All right! If the supreme power agree with it, I don't have any problem changing the date to sep. 23. Can't really do it on the 9th.... I may go to the TCA auction too


----------



## TanyaQ2000

alexopolus said:


> AI may go to the TCA auction too


:clap2:\\/


----------



## Tex Gal

OK Meeting is OFFICIALLY changed to Sept. 23rd. I have changed the 1st post to reflect correction.


----------



## TetraGuy72

Dang, I have to miss another meeting. I will be in the middle of the Caribbean on the 23rd.


----------



## Tex Gal

TetraGuy72 said:


> Dang, I have to miss another meeting. I will be in the middle of the Caribbean on the 23rd.


What a neat reason to miss! Hope you have a wonderful time! Hopes it's a vacation.


----------



## Michael

Thanks to Alex for being flexible about the meeting date.


----------



## TetraGuy72

Tex Gal said:


> What a neat reason to miss! Hope you have a wonderful time! Hopes it's a vacation.


It is a vacation. We are taking the kiddo on a Disney Cruise. I'm bummed to miss the meeting. But, I think I'll be OK  I am very excited for the October meeting at Planet Aquarium. I will make sure to be there.


----------



## RandallW201

Hey everyone, I've been out of commission for awhile, finally finished school a few weeks ago. So therefore _*if anyone has any job prospects for a 28yr old dedicated hard worker with work experience and a bachelors degree (preferably on the Fort Worth side of the metro-mess) please let me know.*_ I'll take anything into consideration. 

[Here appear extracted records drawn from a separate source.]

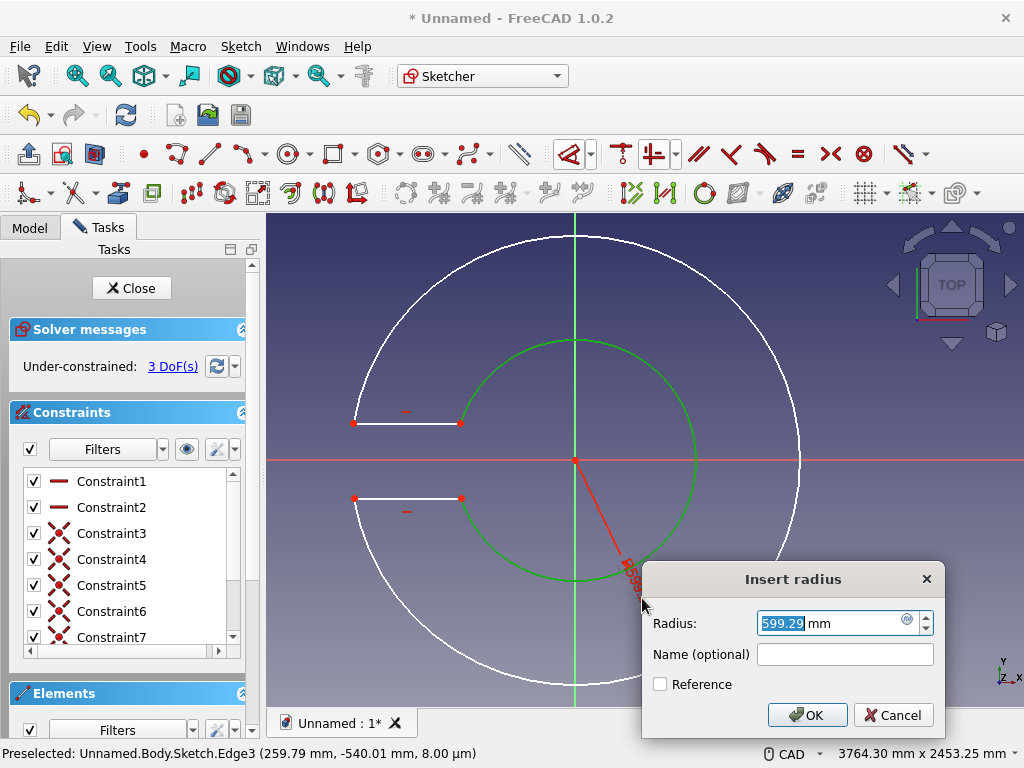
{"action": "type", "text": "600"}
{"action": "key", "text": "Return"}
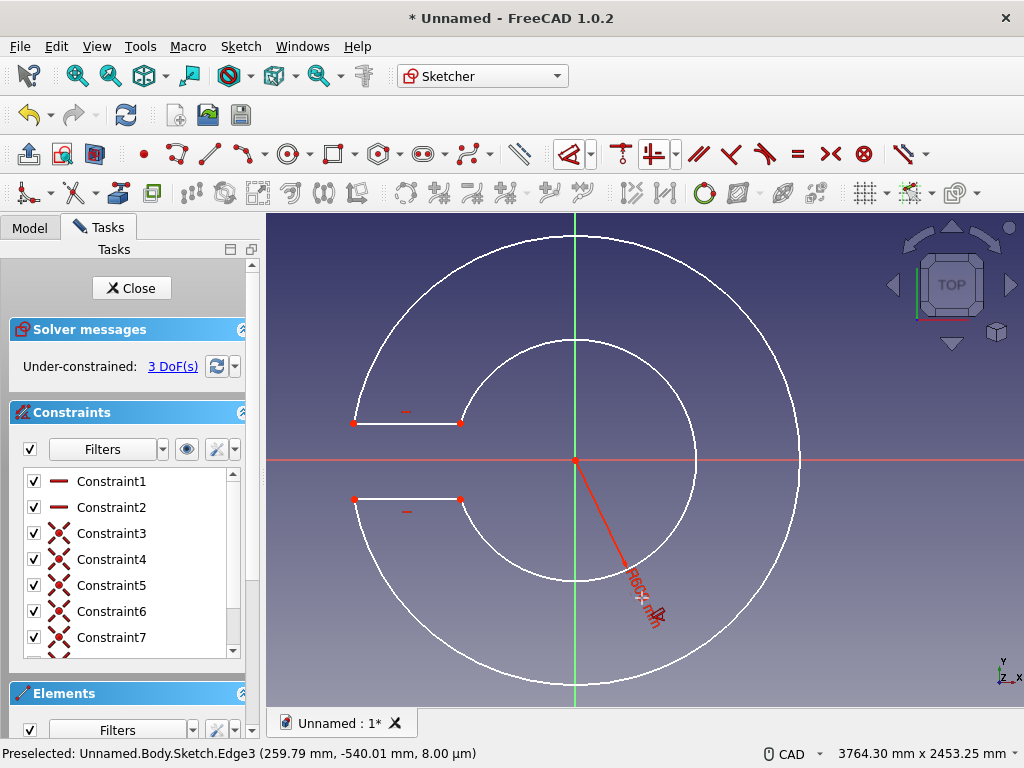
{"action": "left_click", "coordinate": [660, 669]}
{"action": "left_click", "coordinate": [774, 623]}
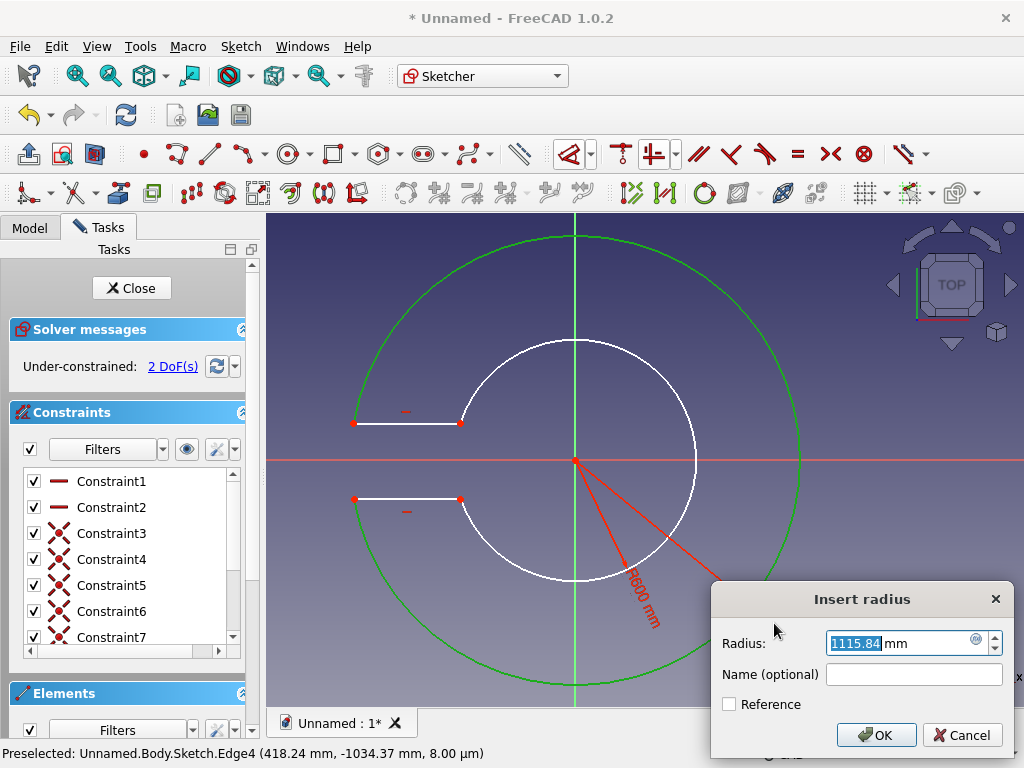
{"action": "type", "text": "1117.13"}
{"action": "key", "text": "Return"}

For my other order of business, if anyone has any swords or crypts they would like to share I could really use a few. I'd like to pick them up at the next meeting if at all possible.

Thank You!


----------



## RandallW201

I just thought of this; while I don't have many aquatic plants to trade right now I can trade some purple and white bearded Iris's for the swords and crypts. I'm in the process of thinning them out and need to get rid of a few to make some more room and so that I may add some day-lilies and daffodils to the mix. 

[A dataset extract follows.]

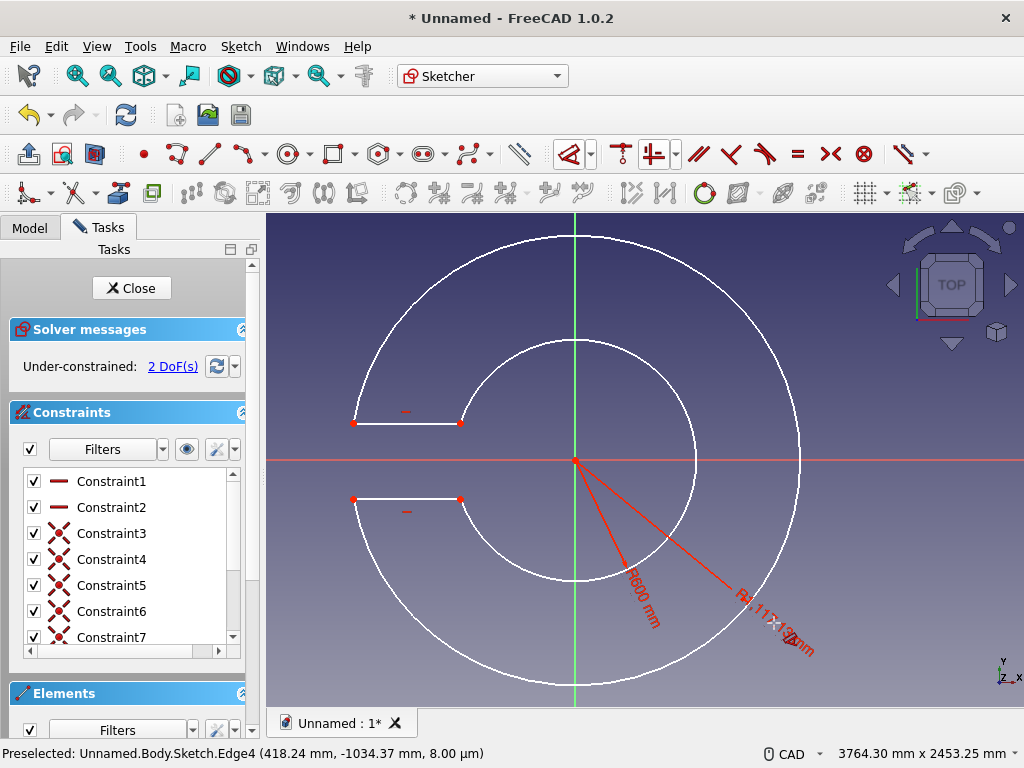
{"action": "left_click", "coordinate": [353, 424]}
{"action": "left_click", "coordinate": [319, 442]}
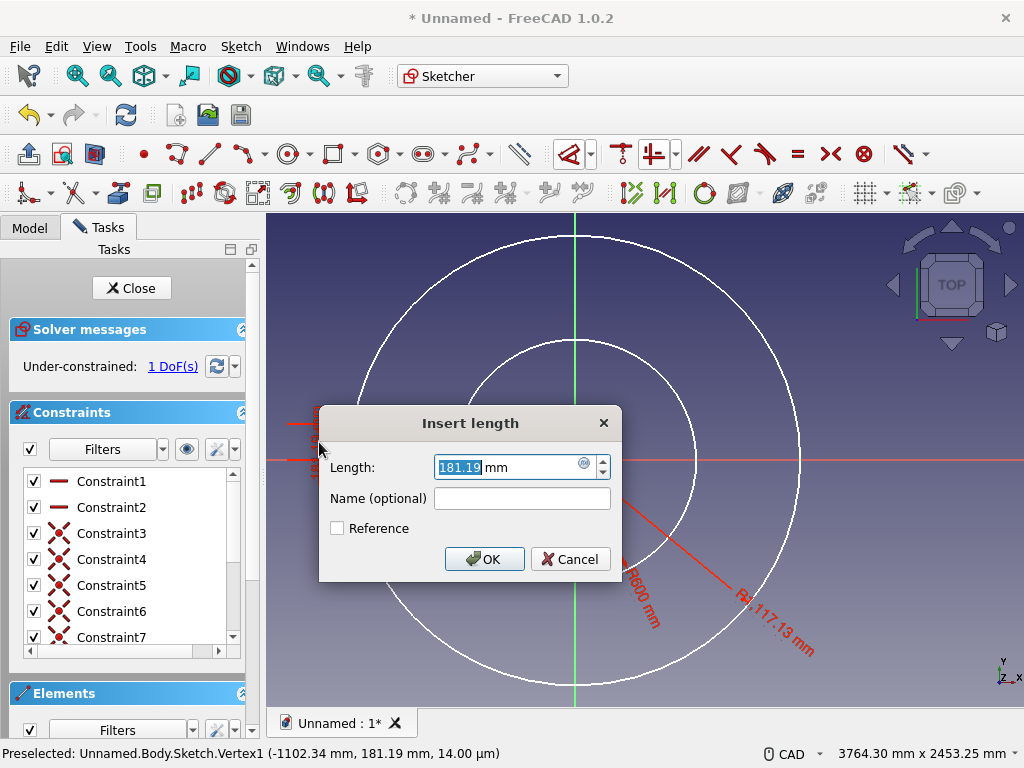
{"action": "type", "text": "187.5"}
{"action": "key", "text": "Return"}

I also have tons of Krib fry and a few Krib breeding pairs that I'll be willing to sale or trade if anyone is interested.


----------



## stmarshall

If anybody has a couple of assassin snails they can part with I should could use a couple. Also, I have a new breading pair of angle fish and wonder if there is a broad leaf plant that is good for them to bread on. The previous owner said they bread readily but after the eggs start moving the parents start eating them.


----------



## stmarshall

Forgot to mention, I have some extra endlers if anybody needs some.


----------



## fishyjoe24

try some amazon sword, or java fern, or a piece of slate


----------



## TanyaQ2000

Michael said:


> Thanks to Alex for being flexible about the meeting date.


:clap2: thank you


----------



## RandallW201

I'd like to also add if I could, if anyone has any shrimp they need to thin out I'm your man. I don't care what breeds, I like em all....


----------



## fishyjoe24

RandallW201 said:


> I'd like to also add if I could, if anyone has any shrimp they need to thin out I'm your man. I don't care what breeds, I like em all....


there is a person in plano that sells cherry or $1.00 but it's a 20 shrimp minium at a time. I was thinking about getting some. also people bring cherry's to the tca auction.


----------



## chrislewistx

Does anyone have any ranunculus inundatus they could bring to the September meeting?


----------



## RandallW201

fishyjoe24 said:


> there is a person in plano that sells cherry or $1.00 but it's a 20 shrimp minium at a time. I was thinking about getting some. also people bring cherry's to the tca auction.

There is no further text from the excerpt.